Capsicum rice is one of my success dishes as a beginner that some people have even mapped me to my capsicum rice in their minds. It is simple mixed rice suitable for preparing and packing hours earlier to consuming; however, just the ingredient list is a little longer though they are basic ones available at home. Capsicum’s flavour is aroused with other blended spices and imbued in the rice.


Serves: 2
Preparation Time: 10 min
Cooking Time: 10 min (Excluding time for steaming the rice)

Ingredients:

1.      Capsicum - 2
2.      Oil – 1 tbsp
3.      Mustard – ½ tsp
4.      Urad dal – ½ tbsp
5.      Asafoetida – 1 pinch
6.      Curry leaves – 1 spring
7.      Steamed rice – 3 cups
8.      Ghee – 1 tbsp

For Masala:
1.      Ghee – 1 tsp
2.      Cumin seeds – 1 tsp
3.      Pepper corns – ½ tsp
4.      Coriander seeds – 1 tsp
5.      Urad dal – 1 tbsp
6.      Bengal gram – 1 tbsp
7.      Cinnamon – 1” piece
8.      Cloves – 2
9.      Red chillies – 2
10.  Coconut - 2” piece


Method:

Step 1: For masala heat the pan, roast the ingredients separately (if preparing for larger scale) or together with a tsp of ghee until crisp and aromatic. Be sure not to burn them; grind them in a mixer and keep aside.

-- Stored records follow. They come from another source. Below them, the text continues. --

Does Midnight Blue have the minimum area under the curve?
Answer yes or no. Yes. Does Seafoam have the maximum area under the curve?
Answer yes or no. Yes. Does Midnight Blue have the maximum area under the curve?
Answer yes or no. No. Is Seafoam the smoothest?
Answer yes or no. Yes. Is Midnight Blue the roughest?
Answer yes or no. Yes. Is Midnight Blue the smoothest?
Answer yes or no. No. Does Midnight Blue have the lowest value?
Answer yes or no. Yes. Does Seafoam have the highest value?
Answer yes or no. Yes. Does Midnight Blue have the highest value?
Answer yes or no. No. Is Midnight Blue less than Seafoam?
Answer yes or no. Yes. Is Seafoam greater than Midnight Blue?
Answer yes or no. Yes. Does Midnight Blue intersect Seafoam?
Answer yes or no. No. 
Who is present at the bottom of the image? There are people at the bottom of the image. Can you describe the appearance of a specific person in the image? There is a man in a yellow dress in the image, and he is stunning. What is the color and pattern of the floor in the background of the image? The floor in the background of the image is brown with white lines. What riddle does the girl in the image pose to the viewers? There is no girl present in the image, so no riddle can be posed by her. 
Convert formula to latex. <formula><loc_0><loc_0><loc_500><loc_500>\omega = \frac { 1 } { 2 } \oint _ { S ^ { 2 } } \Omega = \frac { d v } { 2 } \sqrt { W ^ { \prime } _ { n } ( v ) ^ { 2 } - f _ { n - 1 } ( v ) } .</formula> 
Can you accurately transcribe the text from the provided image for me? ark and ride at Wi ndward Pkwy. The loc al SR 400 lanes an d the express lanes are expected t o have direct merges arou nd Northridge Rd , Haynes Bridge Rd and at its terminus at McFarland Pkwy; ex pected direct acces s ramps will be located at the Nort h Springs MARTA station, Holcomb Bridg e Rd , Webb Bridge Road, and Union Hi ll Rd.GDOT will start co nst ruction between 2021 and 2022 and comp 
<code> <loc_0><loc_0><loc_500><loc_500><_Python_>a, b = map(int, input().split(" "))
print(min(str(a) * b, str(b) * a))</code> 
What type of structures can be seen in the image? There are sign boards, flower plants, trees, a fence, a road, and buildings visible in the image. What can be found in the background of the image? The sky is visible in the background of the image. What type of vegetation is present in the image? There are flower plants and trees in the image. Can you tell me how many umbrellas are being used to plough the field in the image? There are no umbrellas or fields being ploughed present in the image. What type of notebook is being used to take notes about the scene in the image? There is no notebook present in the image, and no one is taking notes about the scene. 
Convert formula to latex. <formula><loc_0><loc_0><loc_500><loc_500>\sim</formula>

Step 2: Heat oil in a tawa and season with mustard, urad dal, curry leaves and asafoetida (if you prefer add some Bengal gram & Urad dal to tempering also)
Step 3: Add the chopped capsicum and sauté for 2-3 minutes so that it gets cooked but not deformed.


Step 4: Then add the ground masala mix & salt and roast for one more minute.


Step 5: Slowly add the cooked rice into the pan, drizzle some ghee and mix well. Turn off stove. Adjust salt.


Step 6: Serve with raita or plain curds.


Saturday, January 28

Paneer Paratha

Paneer paratha is made with the cottage cheese or the Indian cheese; I usually prepare paneer at home. I prefer to prepare crumbled paneer dishes such as koftas, bhurjis, paneer parathas with home made paneer. I had my first and best Paneer paratha in the Punjabi household where I stayed as a paying guest. Punjab is where the recipe originated and I was gifted to learn it from the authentic source itself.

Ingredients:

1. Paneer grated - 1 cup
2. Onion - 1/2 cup finely chopped
3. Green chilies - 2 finely chopped
4. Chaat masala - 1 tsp
5. Coriander - 2 tbsp finely chopped
6. Wheat flour - 2 cups
7. Salt as required.
8. Oil - 1 tbsp
9. Carom seeds - 1/4 tsp
10. Butter as required for preparing parathas

Method:

Step 1: Knead wheat flour, carom seeds, oil, salt and make a soft dough, slightly  more moist than phulka dough. 
Step 2: Mix the grated paneer, onion, green chilies, chaat masala, coriander and salt in a bowl.
Step 3: Take a 50 gm portion of dough, roll into ball and flatten with a rolling pin as a palm sized circle with edges thin and center thick.
Step 4: Grease the center with some oil and keep a big spoon of paneer mix in and cover it with the edges like a stuffed dumpling. 



Step 5: Now by dusting some dry flour on to it roll it into a paratha, make it flatter until it doesn't get torn.
Step 6: Grease butter on a heated tawa and prepare the parathas on both sides.